━━━━━ Working data
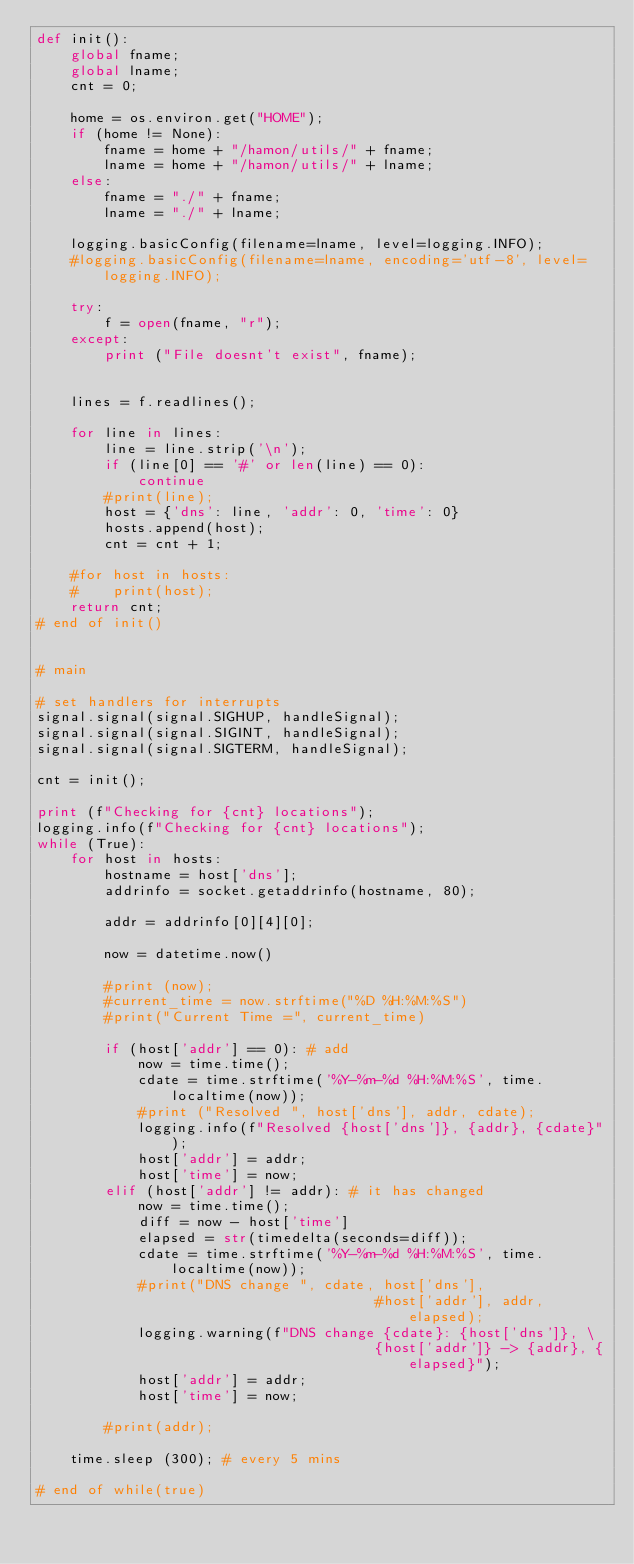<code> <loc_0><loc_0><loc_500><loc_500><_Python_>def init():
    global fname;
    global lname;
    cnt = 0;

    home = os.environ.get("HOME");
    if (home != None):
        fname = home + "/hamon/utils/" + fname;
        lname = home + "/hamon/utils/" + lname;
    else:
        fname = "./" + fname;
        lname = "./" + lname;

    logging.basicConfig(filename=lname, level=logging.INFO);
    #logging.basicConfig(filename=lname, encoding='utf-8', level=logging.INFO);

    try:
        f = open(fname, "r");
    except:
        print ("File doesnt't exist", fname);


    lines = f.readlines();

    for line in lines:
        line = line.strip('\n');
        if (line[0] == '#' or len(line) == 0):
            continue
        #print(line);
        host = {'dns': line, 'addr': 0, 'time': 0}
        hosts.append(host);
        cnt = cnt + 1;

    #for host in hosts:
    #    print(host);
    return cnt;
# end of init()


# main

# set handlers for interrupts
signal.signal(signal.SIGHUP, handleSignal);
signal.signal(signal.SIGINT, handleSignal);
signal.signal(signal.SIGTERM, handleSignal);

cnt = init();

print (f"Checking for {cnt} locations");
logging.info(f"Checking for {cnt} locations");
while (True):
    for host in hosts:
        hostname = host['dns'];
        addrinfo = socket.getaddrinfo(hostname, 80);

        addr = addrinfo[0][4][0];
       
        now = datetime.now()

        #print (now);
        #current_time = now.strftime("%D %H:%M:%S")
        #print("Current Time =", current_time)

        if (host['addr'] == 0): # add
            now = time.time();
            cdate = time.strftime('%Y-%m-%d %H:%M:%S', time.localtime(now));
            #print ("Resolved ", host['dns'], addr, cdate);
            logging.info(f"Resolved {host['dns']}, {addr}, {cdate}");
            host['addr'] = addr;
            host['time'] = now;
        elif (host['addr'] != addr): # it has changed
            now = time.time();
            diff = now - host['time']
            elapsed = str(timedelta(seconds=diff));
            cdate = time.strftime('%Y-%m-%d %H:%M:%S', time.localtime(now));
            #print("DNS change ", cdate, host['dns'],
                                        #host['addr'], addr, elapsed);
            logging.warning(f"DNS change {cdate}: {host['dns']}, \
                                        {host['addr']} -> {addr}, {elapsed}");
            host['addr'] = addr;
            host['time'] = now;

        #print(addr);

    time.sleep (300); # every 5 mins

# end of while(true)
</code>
━━━━━━━━━━
━━━━━ Working data
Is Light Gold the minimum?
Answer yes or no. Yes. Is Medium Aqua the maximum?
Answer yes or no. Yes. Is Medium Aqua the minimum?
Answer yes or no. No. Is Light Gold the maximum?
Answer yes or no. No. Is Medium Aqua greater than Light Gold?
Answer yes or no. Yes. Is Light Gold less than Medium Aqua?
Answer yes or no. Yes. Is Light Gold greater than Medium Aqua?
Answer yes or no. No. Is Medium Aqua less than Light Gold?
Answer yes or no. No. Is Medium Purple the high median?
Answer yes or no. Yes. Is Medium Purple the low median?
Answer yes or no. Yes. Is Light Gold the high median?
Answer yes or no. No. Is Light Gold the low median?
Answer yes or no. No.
━━━━━━━━━━
**Required action:** From the records above, pick out and copy each line holding the word "home".

**Answer to this exercise:**
    home = os.environ.get("HOME");
    if (home != None):
        fname = home + "/hamon/utils/" + fname;
        lname = home + "/hamon/utils/" + lname;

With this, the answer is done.